Diagnosis of Duane Syndrome
Disorders similar in presentation to Duane syndrome can be acquired as a result of trauma, or following localised infection of the orbit leading to inflammation and consequent mechanical restrictions of eye movement. In such cases a full case history will usually help in distinguishing between these conditions. In the clinical setting, the principal difficulties in differential diagnosis arise as a consequence of the very early age at which patients with this condition first present. The clinician must be persistent in examining abduction and adduction, and in looking for any associated palpebral fissure changes or head postures, when attempting to determine whether what often presents as a common childhood squint is in fact Duane syndrome. Fissure changes, and the other associated characteristics of Duane's such as up or down shoots and globe retraction, are also vital when deciding whether any abduction limitation is the result of Duane's and not a consequence of VI or abducens cranial nerve palsy.

Prognosis

Prognosis of Duane Syndrome
The prognosis depends from case to case, as you have to also consider etiology, neuro pathologic data, environmental and other factors in it. With your particulars your eye surgeon would be able to guide you best for what to expect in yourself.

Treatment

Treatment of Duane Syndrome
The majority of patients remain symptom free and able to maintain binocularity with only a slight face turn. Amblyopia is uncommon and, where present, rarely dense. This can be treated with occlusion, and any refractive error can also be corrected.
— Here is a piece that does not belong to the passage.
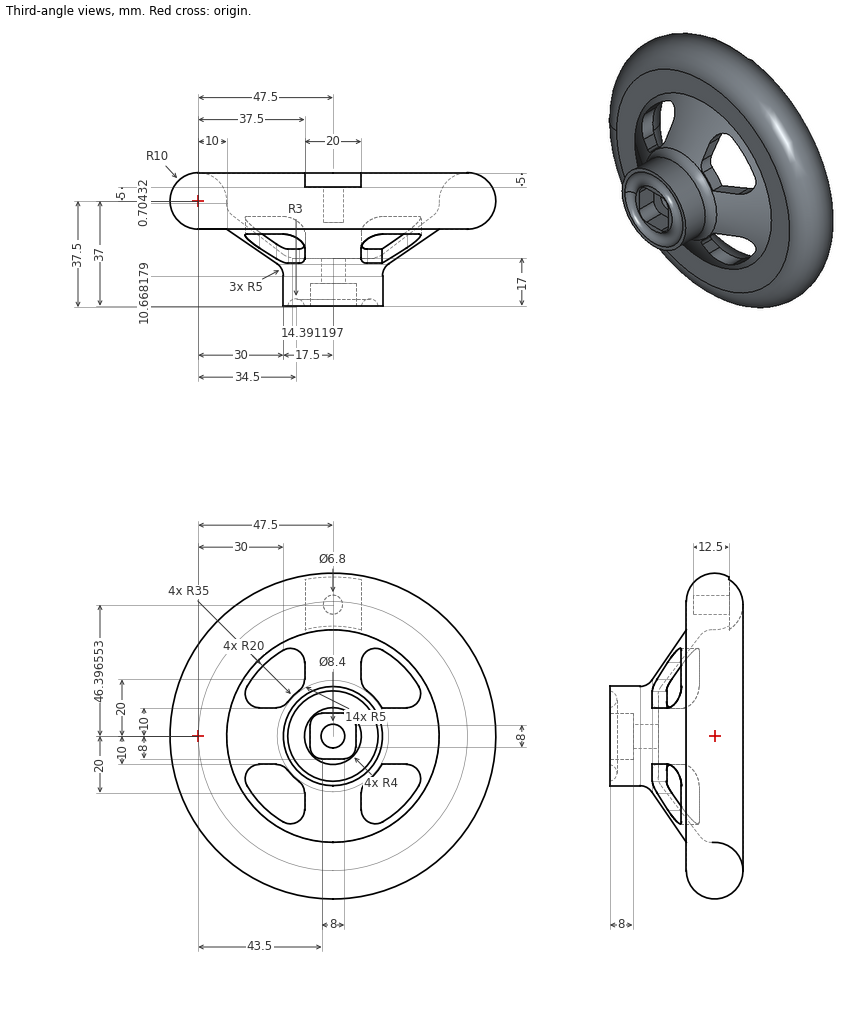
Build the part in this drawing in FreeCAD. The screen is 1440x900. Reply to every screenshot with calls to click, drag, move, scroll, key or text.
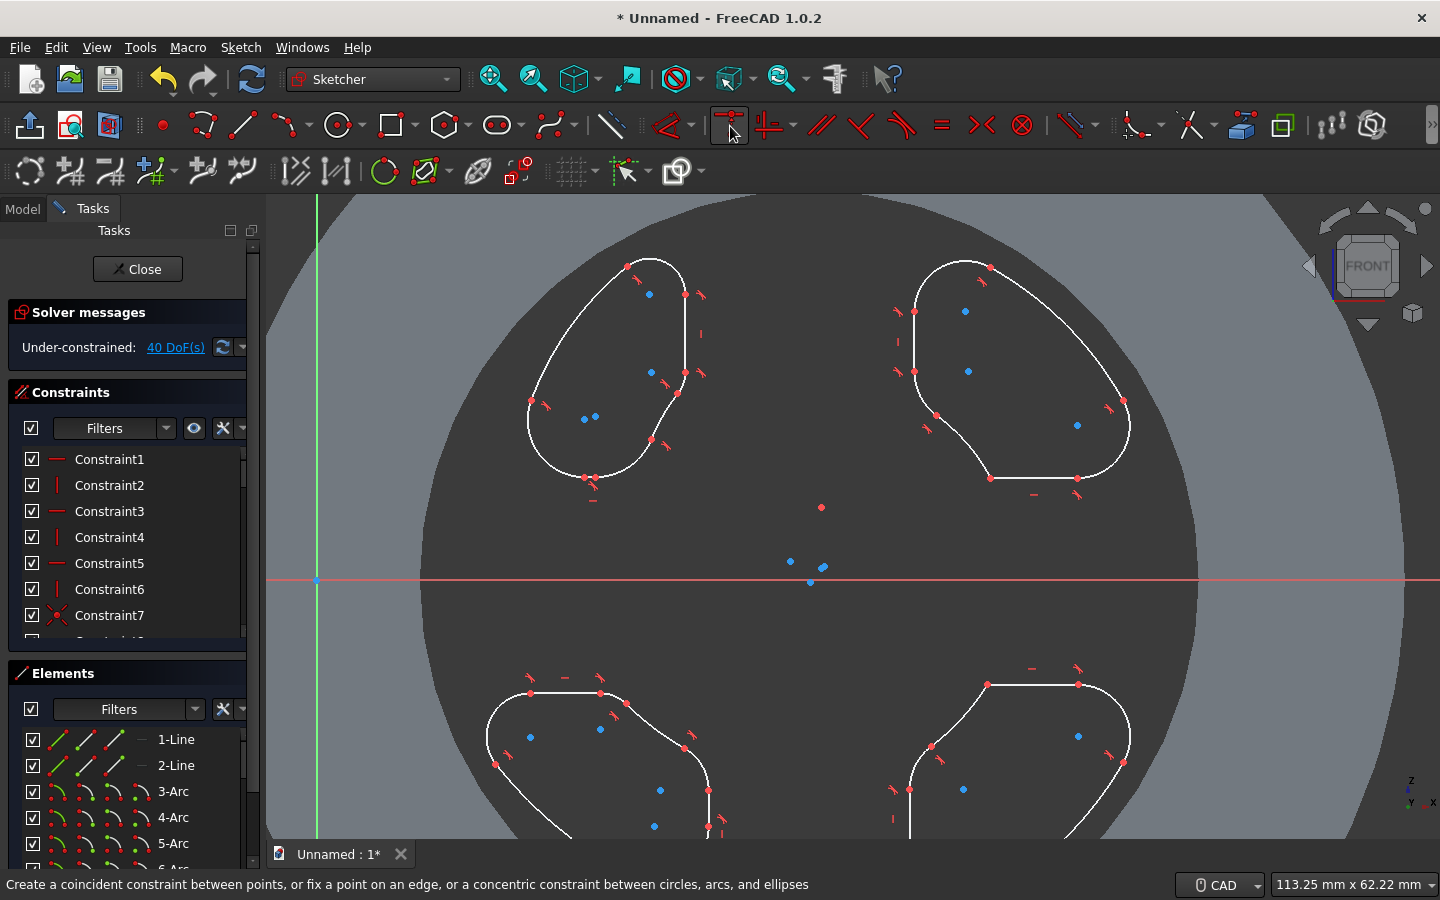
click(591, 301)

Duane syndrome cannot be cured, as the "missing" cranial nerve cannot be replaced, and traditionally there has been no expectation that surgery will result in any increase in the range of eye movement. Surgical intervention, therefore, has only been recommended where the patient is unable to maintain binocularity, where they are experiencing symptoms, or where they are forced to adopt a cosmetically unsightly or uncomfortable head posture in order to maintain binocularity. The aims of surgery are to place the eye in a more central position and, thus, place the field of binocularity more centrally also, and to overcome or reduce the need for the adoption of an abnormal head posture. Occasionally surgery is not needed during childhood, but becomes appropriate later in life, as head position changes (presumably due to progressive muscle contracture).

Prevention

Prevention of Duane Syndrome
Specialist examination early in life to detect refractive errors to prevent amblyopia and avoid compounding the motility problem; amblyopia therapy to prevent vision loss in the less-preferred eye; surgery to prevent loss of binocular vision in individuals who abandon the compensatory head posture and allow strabismus to become manifest.